We have centralized logging based on syslog-ng open source product. Messages from the event sources flow into syslog-ng which inserts them into database. The event sources applications send events through log4Net RemoteSysLogAppender.
I was wiring up the new event source when I noticed that syslog-ng stopped processing any new messages. After a few hours of debugging I discovered what the problem was. The event source application sent message when an exception was caught. Part of the exception class is TargetSite property which is a name of the method name that threw an exception.
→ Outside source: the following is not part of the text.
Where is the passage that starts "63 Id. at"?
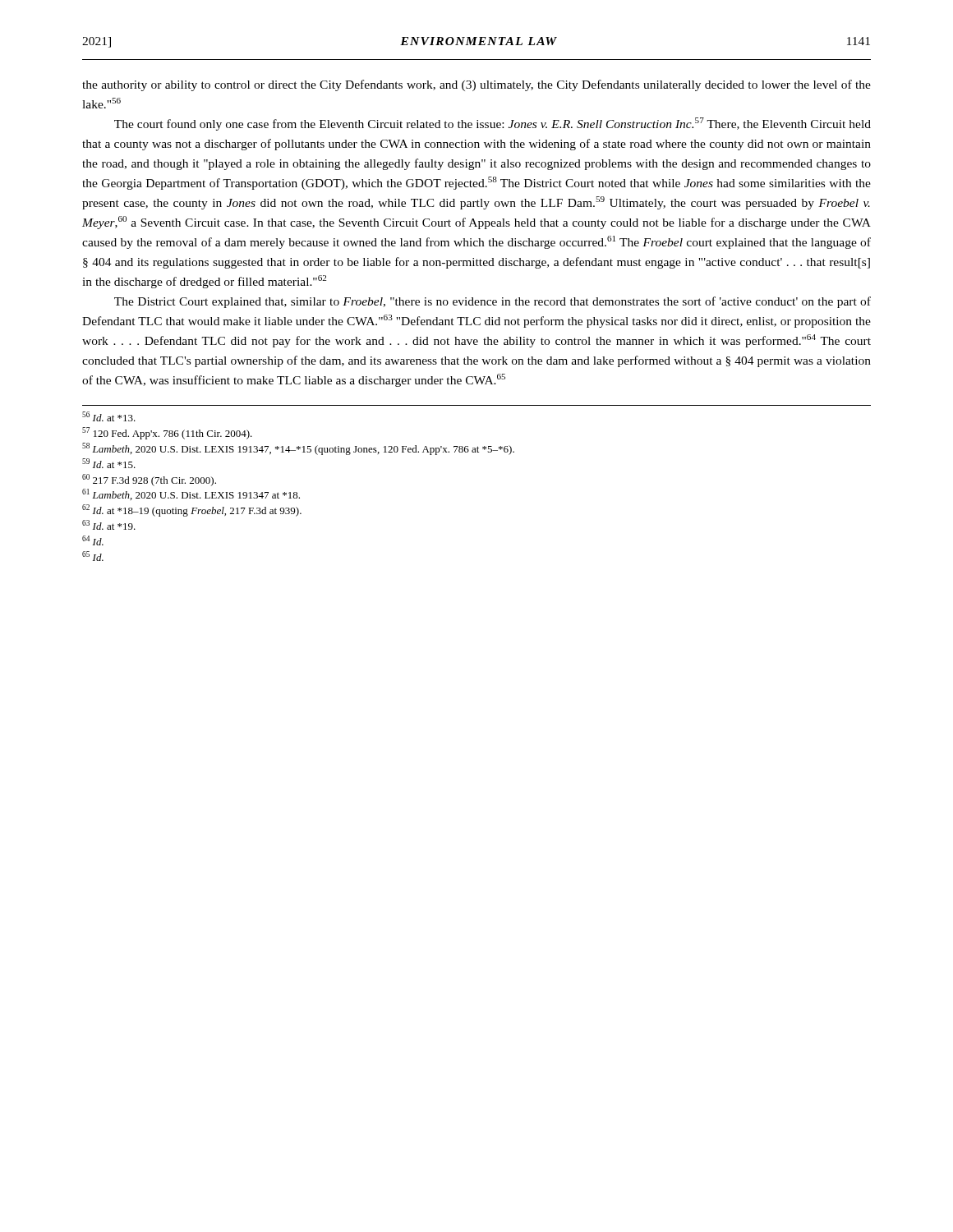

Maybe because the exception was bubbling up up long on the chain or something else, the value of TargetSite property was a string longer than 255, something like this:
'Void .ctor(System.Data.ProviderBase.DbConnectionPoolIdentity, System.Data.SqlClient.SqlConnectionString, ta-da-da....
Syslog-ng receives this message and tries to insert it into database, but the database column for TargetSite is defined as
VARCHAR(255) and thus insert fails.
This is all would be fairly benign, but syslog-ng doesn't batches up messages instead of inserting them one by one. This also makes sense, but here's the kicker - if one message in the batch fails to be inserted, the whole batch is rolled back. Pretty bad. So essentially one malformed message plugs up the whole server and no new messages can come through.
This is well known poison message problem, but it appears to me that syslog-ng cannot handle poison message. It does retries, but has no things like dead letter queue. What made matters even worse, was that syslog-ng doesn't even have a log where it reports failures like this, or may be we didn't set up it that way and the only way to try to understand it was to through SQL Profiler which took some time. The fix was to ensure field length in the message matches database column length and purging syslog-ng queue from all messages.
Another nasty bug which also made it to my list was when I working with legacy code and couldn't figure out why all of the sudden database state was unexpectedly changing. I was stepping through the code in debugger and in completely innocuous section of code - boom the value changes. After narrowing it down to just a few lines of code, I found that state was changing after getting value from one of the objects properties. It was something like
var rate = obj.Rate;
and after this line the value is changed. It turned out that somebody put a piece of code into Rate getter to change things. I have no idea why, but this one also made it to the list.